The intransigence of Sinema and a handful of other corporate Democrats in the House and Senate--including Sen. Joe Manchin (D-W.Va.)--is threatening to grind the entire reconciliation process to a halt, endangering the majority party's hopes of approving major investments in green energy, child care, Medicare expansion, and other priorities.

"They need to tell us what they don't agree with. And we need to actually be able to negotiate."
--Rep. Pramila Jayapal

In an attempt to spur progress on the reconciliation package, House progressives are promising to vote down a Senate-passed bipartisan infrastructure bill--authored in part by Sinema and Manchin--until both chambers of Congress approve the Build Back Better Act.

Progressives have said for months that while they want to pass both the reconciliation package and the bipartisan bill, they fear that passing the latter measure first would free Sinema, Manchin, and possibly other conservative Democrats to vote against the Build Back Better Act.

Rep. Ilhan Omar (D-Minn.), the whip for the 96-member Congressional Progressive Caucus (CPC), toldCNN earlier this week that she wants Sinema and Manchin to "make their demands clear so that we can engage with that."

"It is saddening to see them use Republican talking points. We obviously didn't envision having Republicans as part of our party," Omar added. "I hope that they will understand that Democrats need to be united behind the president's agenda and we need to have urgent conversations on how to get this agenda done."

Speaking to Axios on Tuesday, Rep. Pramila Jayapal (D-Wash.)--the chair of the CPC--expressed a similar sentiment.

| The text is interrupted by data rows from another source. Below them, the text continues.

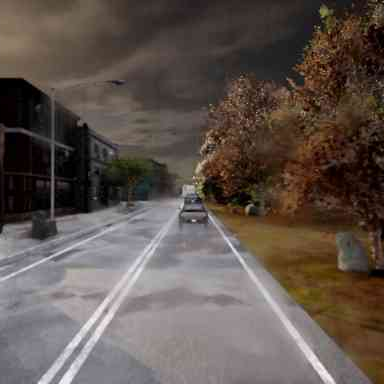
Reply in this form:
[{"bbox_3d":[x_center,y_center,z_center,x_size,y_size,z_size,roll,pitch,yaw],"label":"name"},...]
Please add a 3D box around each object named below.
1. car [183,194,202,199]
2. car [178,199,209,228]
[{"bbox_3d":[0.107,1.216,42.346,2.150,2.045,5.566,0,0,0],"label":"car"},{"bbox_3d":[0.105,1.491,22.243,2.128,1.511,4.902,0,0,0],"label":"car"}]
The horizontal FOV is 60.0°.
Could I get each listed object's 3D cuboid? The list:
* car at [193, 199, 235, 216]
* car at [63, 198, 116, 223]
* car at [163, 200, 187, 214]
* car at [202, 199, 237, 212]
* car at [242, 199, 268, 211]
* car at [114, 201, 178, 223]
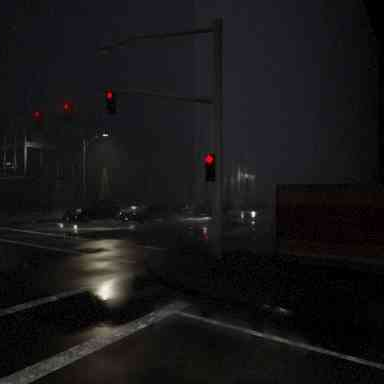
[{"bbox_3d":[2.037,1.533,33.678,1.882,1.535,5.008,0,0,35],"label":"car"},{"bbox_3d":[-7.744,1.407,26.025,2.097,1.767,4.553,0,0,36],"label":"car"},{"bbox_3d":[-2.426,1.560,33.458,1.837,1.490,4.892,0,0,36],"label":"car"},{"bbox_3d":[3.529,1.603,41.776,2.033,1.411,5.357,0,0,35],"label":"car"},{"bbox_3d":[8.008,1.581,41.997,1.812,1.442,4.674,0,0,36],"label":"car"},{"bbox_3d":[-3.479,1.656,25.975,1.895,1.301,4.718,0,0,36],"label":"car"}]
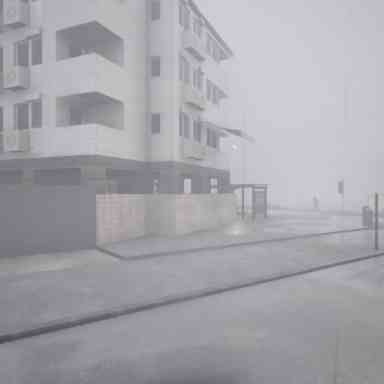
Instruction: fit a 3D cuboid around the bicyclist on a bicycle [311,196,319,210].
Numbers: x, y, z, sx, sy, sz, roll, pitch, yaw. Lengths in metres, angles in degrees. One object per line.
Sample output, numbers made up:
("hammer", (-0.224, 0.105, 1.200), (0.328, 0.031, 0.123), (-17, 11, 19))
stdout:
("bicyclist on a bicycle", (14.652, 1.349, 39.554), (1.656, 1.620, 0.582), (0, 0, -35))
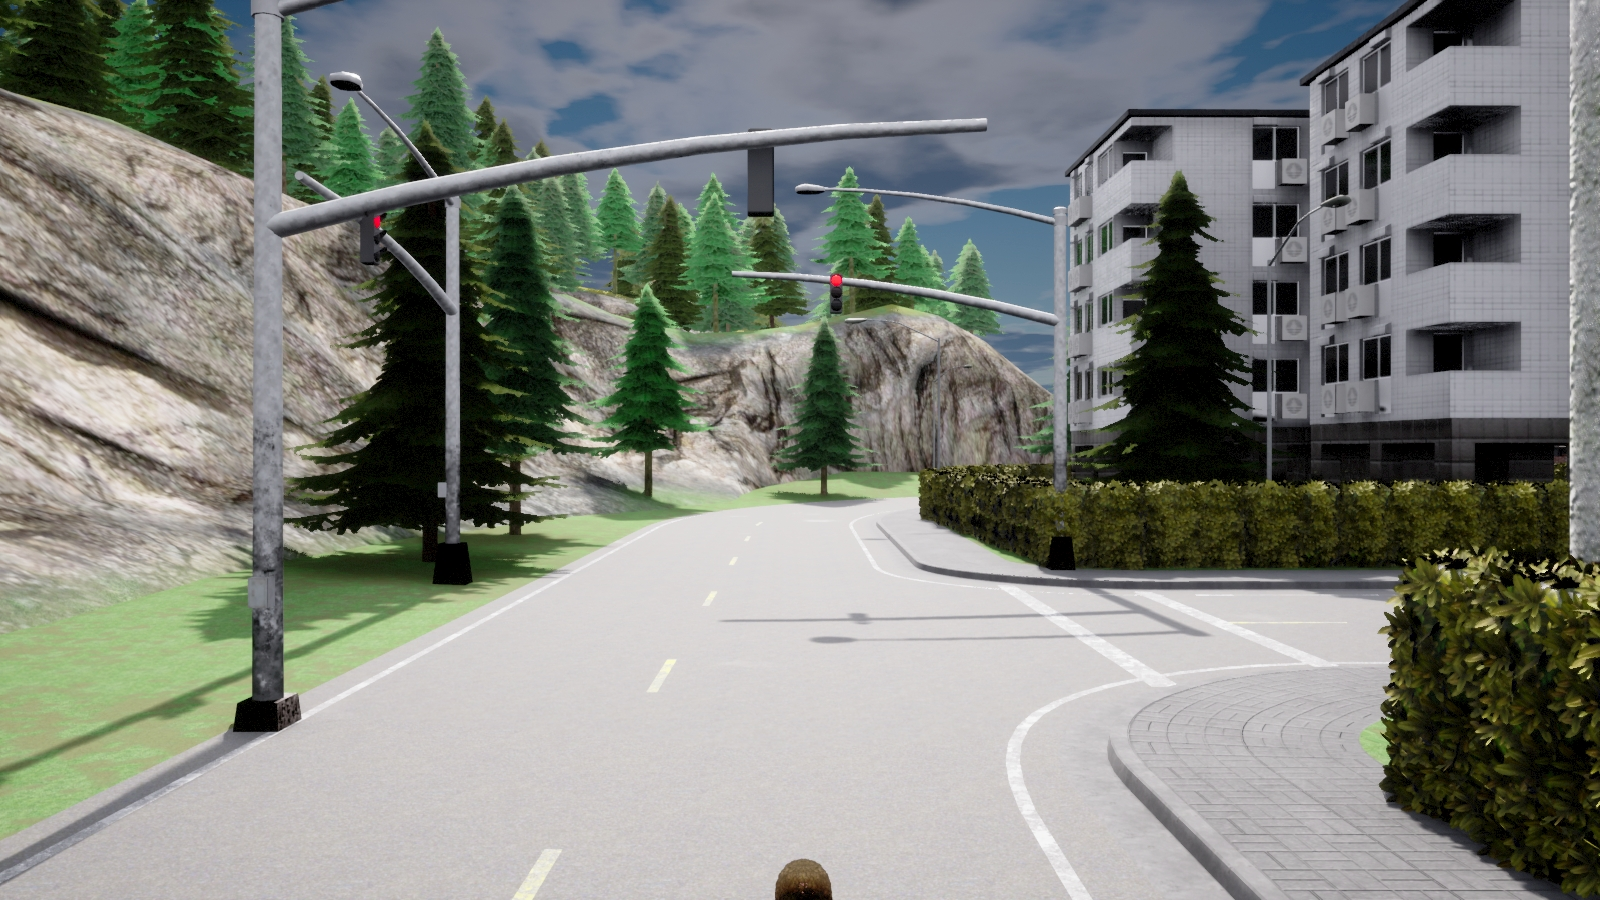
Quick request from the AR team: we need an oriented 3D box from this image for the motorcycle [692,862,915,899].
[{"bbox_3d":[0.010,2.193,3.477,0.803,1.145,2.033,0,0,0],"label":"motorcycle"}]
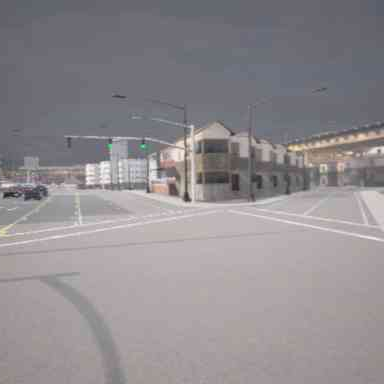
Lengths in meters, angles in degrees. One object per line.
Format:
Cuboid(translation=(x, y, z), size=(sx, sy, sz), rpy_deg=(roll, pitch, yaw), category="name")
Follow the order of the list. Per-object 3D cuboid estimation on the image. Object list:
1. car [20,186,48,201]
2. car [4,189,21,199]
Cuboid(translation=(-21.027, 0.378, 44.409), size=(2.033, 1.411, 5.357), rpy_deg=(-2, 3, -19), category="car")
Cuboid(translation=(-26.440, 0.245, 49.350), size=(1.895, 1.301, 4.718), rpy_deg=(-2, 3, -19), category="car")
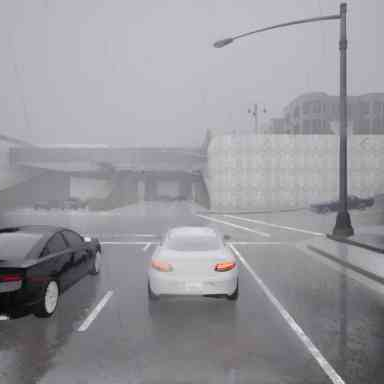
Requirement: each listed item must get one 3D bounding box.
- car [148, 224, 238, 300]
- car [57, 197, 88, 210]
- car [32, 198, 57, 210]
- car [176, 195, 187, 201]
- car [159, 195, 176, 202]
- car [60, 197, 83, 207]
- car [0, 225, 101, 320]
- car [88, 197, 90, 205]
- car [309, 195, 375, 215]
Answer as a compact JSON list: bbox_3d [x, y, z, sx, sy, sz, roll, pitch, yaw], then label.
[{"bbox_3d":[0.018,1.526,8.239,1.812,1.442,4.674,0,0,0],"label":"car"},{"bbox_3d":[-15.138,1.526,42.519,1.812,1.442,4.674,0,0,-2],"label":"car"},{"bbox_3d":[-18.659,1.547,43.083,2.033,1.411,5.357,0,0,-2],"label":"car"},{"bbox_3d":[-2.860,1.552,83.848,1.994,1.385,4.181,0,0,27],"label":"car"},{"bbox_3d":[-5.344,1.552,74.324,1.994,1.385,4.181,0,0,5],"label":"car"},{"bbox_3d":[-18.964,1.504,52.564,1.837,1.490,4.892,0,0,-2],"label":"car"},{"bbox_3d":[-3.475,1.478,7.440,1.882,1.535,5.008,0,0,0],"label":"car"},{"bbox_3d":[-15.439,1.505,51.769,1.837,1.490,4.892,0,0,-2],"label":"car"},{"bbox_3d":[12.053,1.012,27.097,4.718,1.301,1.895,-6,0,-1],"label":"car"}]
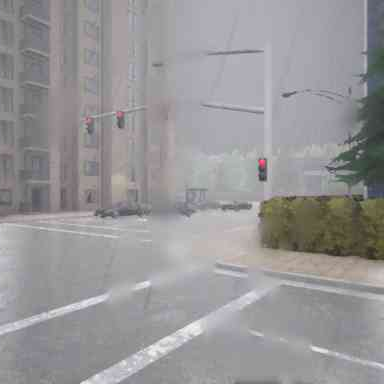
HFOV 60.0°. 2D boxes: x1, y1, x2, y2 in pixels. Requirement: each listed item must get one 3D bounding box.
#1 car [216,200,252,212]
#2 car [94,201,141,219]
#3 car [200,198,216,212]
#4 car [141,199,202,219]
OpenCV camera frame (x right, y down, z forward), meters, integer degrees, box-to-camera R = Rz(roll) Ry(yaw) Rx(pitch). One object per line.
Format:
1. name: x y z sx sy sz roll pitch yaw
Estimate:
1. car: 5.203 1.601 38.932 1.895 1.301 4.718 0 0 36
2. car: -6.042 1.547 29.480 2.033 1.411 5.357 0 0 36
3. car: 1.419 1.492 39.685 2.128 1.511 4.902 0 0 37
4. car: -1.706 1.547 29.485 2.033 1.411 5.357 0 0 36

"If they don't tell us what they want to do, which was the president's message, and if they don't actually negotiate on the entire bill, then we're not going to get to close," Jayapal said.

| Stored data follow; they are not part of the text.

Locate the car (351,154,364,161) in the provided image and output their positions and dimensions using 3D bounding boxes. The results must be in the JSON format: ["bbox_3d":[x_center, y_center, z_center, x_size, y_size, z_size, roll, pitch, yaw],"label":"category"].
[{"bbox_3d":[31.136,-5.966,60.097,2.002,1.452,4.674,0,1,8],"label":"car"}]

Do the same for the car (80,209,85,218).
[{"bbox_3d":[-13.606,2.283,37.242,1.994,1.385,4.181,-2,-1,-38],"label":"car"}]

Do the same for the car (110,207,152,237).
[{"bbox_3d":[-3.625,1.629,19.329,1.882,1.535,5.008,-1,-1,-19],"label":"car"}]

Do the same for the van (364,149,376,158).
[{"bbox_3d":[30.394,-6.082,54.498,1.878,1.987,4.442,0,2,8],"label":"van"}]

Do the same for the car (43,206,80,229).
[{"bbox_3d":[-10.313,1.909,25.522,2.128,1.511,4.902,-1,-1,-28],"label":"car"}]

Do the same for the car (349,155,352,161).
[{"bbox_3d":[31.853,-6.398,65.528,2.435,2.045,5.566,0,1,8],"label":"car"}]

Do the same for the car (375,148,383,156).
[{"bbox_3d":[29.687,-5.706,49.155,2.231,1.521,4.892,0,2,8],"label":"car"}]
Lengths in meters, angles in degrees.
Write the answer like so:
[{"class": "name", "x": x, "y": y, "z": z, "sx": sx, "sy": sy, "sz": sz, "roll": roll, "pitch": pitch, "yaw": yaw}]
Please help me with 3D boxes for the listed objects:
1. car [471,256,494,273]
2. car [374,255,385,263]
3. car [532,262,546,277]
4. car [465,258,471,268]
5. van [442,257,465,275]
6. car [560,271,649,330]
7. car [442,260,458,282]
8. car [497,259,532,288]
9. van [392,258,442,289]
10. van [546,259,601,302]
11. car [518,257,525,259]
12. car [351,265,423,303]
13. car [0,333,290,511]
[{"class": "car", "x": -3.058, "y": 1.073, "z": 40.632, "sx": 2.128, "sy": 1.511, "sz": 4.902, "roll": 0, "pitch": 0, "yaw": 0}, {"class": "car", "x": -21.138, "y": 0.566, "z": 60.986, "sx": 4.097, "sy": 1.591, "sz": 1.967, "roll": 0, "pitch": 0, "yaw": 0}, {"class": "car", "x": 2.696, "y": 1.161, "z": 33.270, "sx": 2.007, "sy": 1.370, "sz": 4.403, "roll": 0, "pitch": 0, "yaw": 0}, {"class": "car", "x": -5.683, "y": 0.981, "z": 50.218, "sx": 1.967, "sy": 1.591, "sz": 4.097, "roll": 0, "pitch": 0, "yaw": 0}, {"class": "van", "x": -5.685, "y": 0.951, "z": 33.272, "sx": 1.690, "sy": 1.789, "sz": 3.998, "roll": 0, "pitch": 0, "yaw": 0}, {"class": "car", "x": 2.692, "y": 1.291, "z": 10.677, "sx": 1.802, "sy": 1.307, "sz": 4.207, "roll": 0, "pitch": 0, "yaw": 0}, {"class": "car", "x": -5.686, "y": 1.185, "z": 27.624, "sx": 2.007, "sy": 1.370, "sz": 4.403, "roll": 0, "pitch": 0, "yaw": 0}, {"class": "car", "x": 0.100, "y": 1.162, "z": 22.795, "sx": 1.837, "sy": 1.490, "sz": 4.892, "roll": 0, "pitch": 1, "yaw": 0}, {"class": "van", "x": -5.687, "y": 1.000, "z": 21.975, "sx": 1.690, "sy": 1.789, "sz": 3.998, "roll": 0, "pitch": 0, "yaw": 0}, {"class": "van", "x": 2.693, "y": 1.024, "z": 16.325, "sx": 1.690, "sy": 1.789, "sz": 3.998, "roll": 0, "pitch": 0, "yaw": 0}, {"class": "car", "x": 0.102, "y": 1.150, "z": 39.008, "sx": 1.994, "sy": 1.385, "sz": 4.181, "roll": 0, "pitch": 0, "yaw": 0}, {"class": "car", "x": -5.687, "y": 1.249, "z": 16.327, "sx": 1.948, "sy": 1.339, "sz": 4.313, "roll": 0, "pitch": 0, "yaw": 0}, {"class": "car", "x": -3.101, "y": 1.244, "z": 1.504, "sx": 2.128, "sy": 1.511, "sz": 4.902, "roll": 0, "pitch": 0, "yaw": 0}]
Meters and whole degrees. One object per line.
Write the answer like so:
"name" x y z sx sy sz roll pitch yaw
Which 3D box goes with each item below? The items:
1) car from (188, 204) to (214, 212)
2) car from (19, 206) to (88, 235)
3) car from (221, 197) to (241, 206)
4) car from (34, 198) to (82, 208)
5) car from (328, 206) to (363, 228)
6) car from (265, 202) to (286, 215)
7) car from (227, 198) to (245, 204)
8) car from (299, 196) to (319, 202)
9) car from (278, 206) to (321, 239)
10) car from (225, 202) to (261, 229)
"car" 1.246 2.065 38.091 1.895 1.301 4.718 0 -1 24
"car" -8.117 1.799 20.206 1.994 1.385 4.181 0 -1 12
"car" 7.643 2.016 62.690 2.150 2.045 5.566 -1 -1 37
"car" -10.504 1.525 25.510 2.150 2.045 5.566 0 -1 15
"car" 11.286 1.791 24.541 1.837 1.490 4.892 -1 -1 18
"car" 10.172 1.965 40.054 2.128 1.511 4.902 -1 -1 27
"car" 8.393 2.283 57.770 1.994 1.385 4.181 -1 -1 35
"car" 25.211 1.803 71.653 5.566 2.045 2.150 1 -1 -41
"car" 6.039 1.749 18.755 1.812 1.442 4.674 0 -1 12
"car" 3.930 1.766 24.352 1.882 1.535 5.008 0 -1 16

Asked Tuesday whether she's starting to get frustrated with fellow senators Manchin and Sinema, Sen. Mazie Hirono (D-Hawaii) responded, "Just a tad."

In a column on Wednesday, the Washington Post's Greg Sargent argued that between the bipartisan bill and the Build Back Better Act, the reconciliation package "is the one with the truly transformative policies when it comes to securing a decarbonized future and comprehensively rebalancing our political economy after it has been skewed to channel wealth, income, and rents to the top for decades."

"In that context, the infrastructure bill is essentially bipartisan theater, the opening act for the main event," Sargent wrote. "By arbitrarily insisting that this must pass before any agreement is made on the heart of the Biden and Democratic Party agenda, Sinema reveals herself as a leading threat to it."